Timberwolves

Ant Is Becoming the Perfect Mix Of Modern and Throwback Player

Photo Credit: Sergio Estrada-Imagn Images

NBA players don’t score in the same way they used to. That has been true since roughly 2012, when players began to toss up significantly more threes per game than ever.

While the context surrounding each individual shot attempt certainly still matters, math pushed this trend forward with full force.

It’s taken some time for every player and coach to accept the three-point shot’s graces. Brandon Ingram, DeMar DeRozan, and Kevin Durant still take many jumpers from inside the arc. However, if the reigning champion Boston Celtics are any indication, every team will follow suit.

The Minnesota Timberwolves are no exception.

Anthony Edwards has an old-school game. A proponent of the mid-range, he can get into a pull-up jumper like the best of him. With 39 three-point attempts through the first three games of the 2024-25 season, Edwards is morphing into something else.

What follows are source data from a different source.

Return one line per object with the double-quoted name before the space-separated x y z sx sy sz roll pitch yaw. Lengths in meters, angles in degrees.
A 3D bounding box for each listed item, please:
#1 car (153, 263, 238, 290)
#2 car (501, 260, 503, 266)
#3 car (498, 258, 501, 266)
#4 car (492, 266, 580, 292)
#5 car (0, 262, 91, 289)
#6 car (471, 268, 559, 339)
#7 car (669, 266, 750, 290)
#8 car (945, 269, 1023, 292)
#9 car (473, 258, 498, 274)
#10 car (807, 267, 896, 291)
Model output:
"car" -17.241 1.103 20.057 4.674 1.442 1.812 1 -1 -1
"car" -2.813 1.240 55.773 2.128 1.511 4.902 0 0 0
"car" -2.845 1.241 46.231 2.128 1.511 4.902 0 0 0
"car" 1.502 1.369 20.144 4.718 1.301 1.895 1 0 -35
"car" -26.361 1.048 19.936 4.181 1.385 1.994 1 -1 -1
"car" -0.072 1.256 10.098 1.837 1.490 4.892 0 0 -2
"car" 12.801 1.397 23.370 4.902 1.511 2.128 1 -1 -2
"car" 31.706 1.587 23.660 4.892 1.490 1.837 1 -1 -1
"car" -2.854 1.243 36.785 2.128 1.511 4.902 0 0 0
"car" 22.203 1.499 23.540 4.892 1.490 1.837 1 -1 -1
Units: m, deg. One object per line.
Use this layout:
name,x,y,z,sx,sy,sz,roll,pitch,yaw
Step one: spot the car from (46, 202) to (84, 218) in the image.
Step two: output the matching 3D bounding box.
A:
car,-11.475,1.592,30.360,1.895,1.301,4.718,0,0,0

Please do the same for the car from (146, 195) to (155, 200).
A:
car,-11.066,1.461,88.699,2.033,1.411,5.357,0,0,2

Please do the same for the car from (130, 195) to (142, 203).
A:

He’s always going to have the classic feel around the mid-range (and the muscle to get to the rim), but he’s developing the three-point flair of the contemporary.

Already four years into his career, he may not be able to convince referees to blow more whistles. His burly frame can pave the way into the lane. However, further improving his field goal percentage at the rim may prove difficult. It could happen, but that rapid growth in young players may soon end for Edwards.

That’s where an increase in attempted threes per game will matter most.

Using Euclidean distance, which measures the distance between two points as a line segment, I found the most similar (and dissimilar) scorers to Edwards based on their field goal attempts per game, points per game, shooting percentages, and more.

This method may not fully capture similar players to Edwards. However, players like Damian Lillard, Donovan Mitchell, Tim Hardaway, Brandon Jennings, and LaMelo Ball are within the top 10 most similar to Edwards – it could be worse.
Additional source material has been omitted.